Em resposta ao diagnóstico, a deputada Célia Xakriabá apresentou o Projeto de Lei (PL) nº 4381/2023, que prevê procedimentos a serem adotados pelas delegacias e policiais no atendimento às mulheres indígenas vítimas de violência. O Ministério das Mulheres também se comprometeu com a acolhida na Casa da Mulher Brasileira nos estados com maiores índices de violência contra as mulheres indígenas, como na cidade de Dourados, no Mato Grosso do Sul. E, ainda, a criação das Casas das Mulheres Indígenas por cada bioma.

Como aponta a ministra Sônia Guajajara, do Ministério dos Povos Indígenas, a violência contra as mulheres indígenas envolve a destruição ambiental. Em audiência no Congresso Nacional, na abertura das atividades da marcha, declarou: “Estamos num estado de emergência, e não tem mais como negar essa emergência climática. Não há mais espaço para negacionismo. E nós, povos indígenas, nós, mulheres indígenas, embora sejamos as maiores guardiãs da mãe terra, somos as primeiras e as mais impactadas. Nós somos as primeiras afetadas pelas mudanças climáticas”.
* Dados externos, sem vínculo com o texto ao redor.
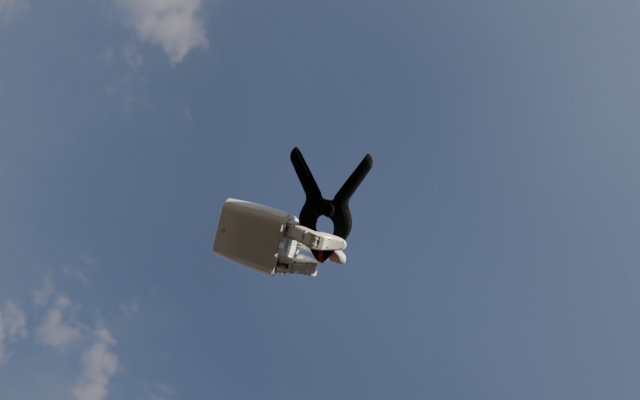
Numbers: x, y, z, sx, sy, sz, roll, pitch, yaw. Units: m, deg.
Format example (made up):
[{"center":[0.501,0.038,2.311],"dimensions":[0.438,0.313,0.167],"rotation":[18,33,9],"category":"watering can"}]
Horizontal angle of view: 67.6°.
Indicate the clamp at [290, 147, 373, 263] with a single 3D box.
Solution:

Por isso, na marcha, as mulheres indígenas foram tão enfáticas na necessidade de proteção dos biomas, destacando os problemas do avanço da fronteira agrícola sobre o Cerrado e o garimpo ilegal. Nesse sentido, o encontro retomou a mensagem política “a luta pela mãe terra é a mãe de todas as lutas”.

A participação das mulheres indígenas na política também foi um tema ressaltado no encontro. Na atividade da Bancada do Cocar, as mulheres discutiram sobre a construção de mais candidaturas indígenas, que pudessem construir políticas públicas que refletiam as necessidades das comunidades.

Nas últimas eleições, 17 candidaturas indígenas, e a eleição de Sônia Guajajara e de Célia Xakriabá, animaram os debates. Nos últimos anos, lideranças de mulheres indígenas reivindicam a mensagem política “nunca mais um Brasil sem nós”, demarcando sua luta por acesso ao poder e participação.

A demarcação das terras e a superação do marco temporal

O acesso e permanência das mulheres indígenas em seus territórios originários é o que confere proteção à vida e ao meio ambiente, que assegura suas formas de ser, saber e viver. Assim, a demarcação das Terras Indígenas, tal como promessa constitucional de 1988, precisa ser assegurada. De acordo com dados da Fundação Nacional dos Povos Indígenas (Funai), existem 736 terras indígenas nos registros, sendo que apenas 477 foram regularizadas, havendo ainda 490 reivindicações dos povos indígenas em análise pelo órgão.

Um dos empecilhos criados pelo agronegócio para impedir a demarcação das Terras Indígenas foi a tese do marco temporal. A tese defende que os indígenas têm direito de ocupar as terras onde estiveram em 5 de outubro de 1988 (marco temporal), data da promulgação.

Tal tese foi suscitada no caso do Povo Xokleng, no qual decisão do Tribunal Regional Federal da 4ª Região (TRF4ª) considerou pedido para retirada dos indígenas da terra, alegando não ocuparem na data da promulgação da Constituição. O Supremo Tribunal Federal (STF) definiu que o julgamento do caso produziria o efeito de repercussão geral, e dessa forma, impactaria em muitos outros territórios que estão em conflito.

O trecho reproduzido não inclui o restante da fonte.